Thursday, January 19, 2006

Reducing dependence on imports

January 19, 2006
Washington, D.C.
Sociable Press

President Bush yesterday announced a long term, three step program to reduce dependence on imported beer. "The overall goal," said the President at a news conference held this morning, "is to lower our dependence on the Organization of Beer Exporting Countries (OBEC) who right now control the market." The price of a 1/2 barrel keg of beer is currently ranging from fifty dollars to one-hundred and fifty dollars or about $3.15 to $10.00 dollars a gallon. "I'm glad I quit drinking," chuckled the President, "but we do want to give some assistance to our fellow American beer lovers."

Step one is to ask Congress to pass subsidies for malt and hops growers much like the subsidies for giant grain producers. Little resistance is expected from Congress since "enough of them are beer lovers that lower prices would likely make those folks a lot less cranky and a bit easier to deal with," said Mr. Bush. Such subsidies would have a built-in "sunset" date and would have to be reauthorized by Congress if needed.

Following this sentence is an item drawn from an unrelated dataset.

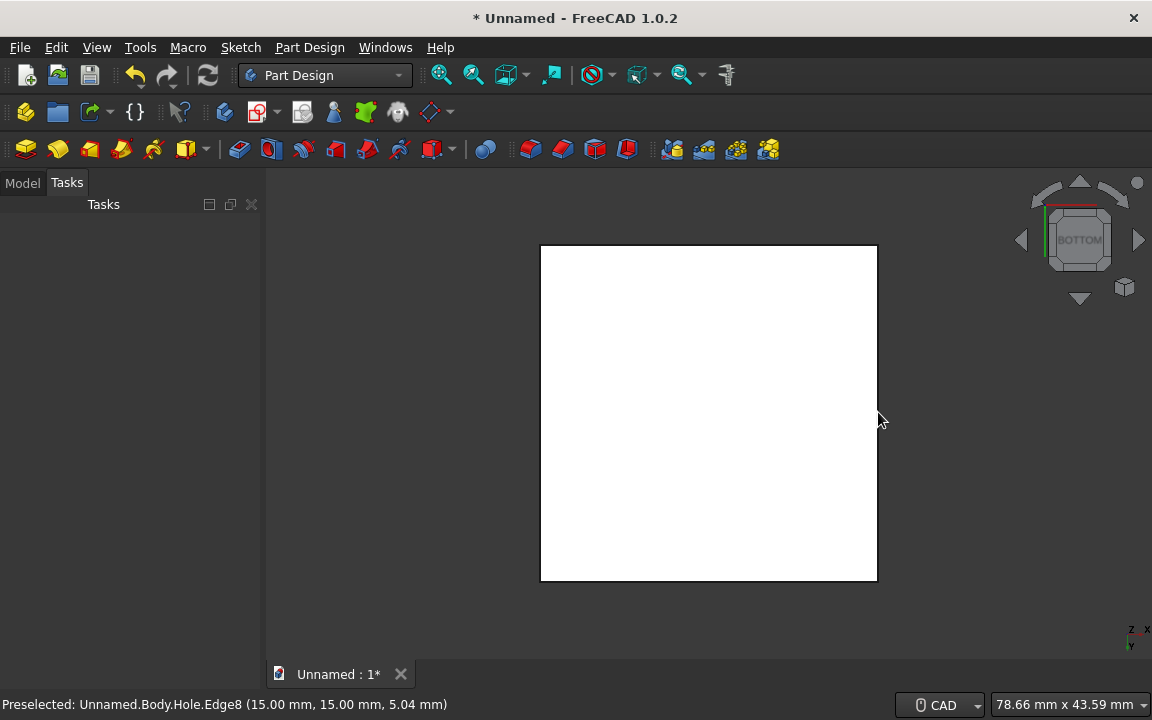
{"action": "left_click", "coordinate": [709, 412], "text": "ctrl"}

Step two, pictured here, is to place a limit on the number of beers each citizen will be allowed to consume per day. Initially, the number was set at three, but after crunching the numbers (and a six-pack or two) it was eventually reduced to one. The one-per-day limit is expected to last until domestic production of beer has increased to seventy percent of demand. At that time subsidies are to be phased out over a three year period.

Step three will be a public interest campaign to promote beer, especially domestic beer, as the national beverage. "We have the bald eagle, the liberty bell, Uncle Sam, and many other symbols and emblems," the President continued, "why not a national beverage, particularly beer since it's easy to spell and even easier to pronounce."

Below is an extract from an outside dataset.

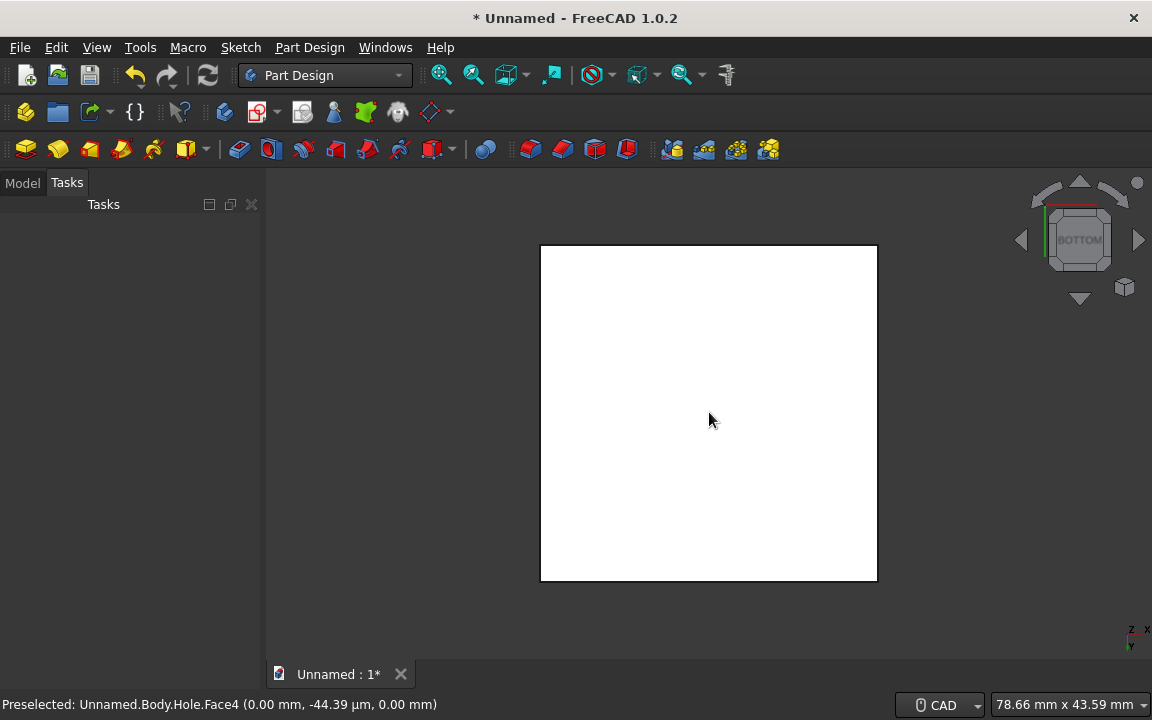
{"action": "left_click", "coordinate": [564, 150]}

While no response has so far been heard from OBEC members, it is unlikely that Germany and Canada will not respond. If history is any guide they are likely to file protests with the United Nations and possibly even commence legal proceedings with the World Court. It is unknown at this time what the Administration's exit strategy would be in such an event, should it occur.

Senator Kennedy could not be reached for comment, but it is believed that he was instrumental in finalizing the size of the one-per-day container.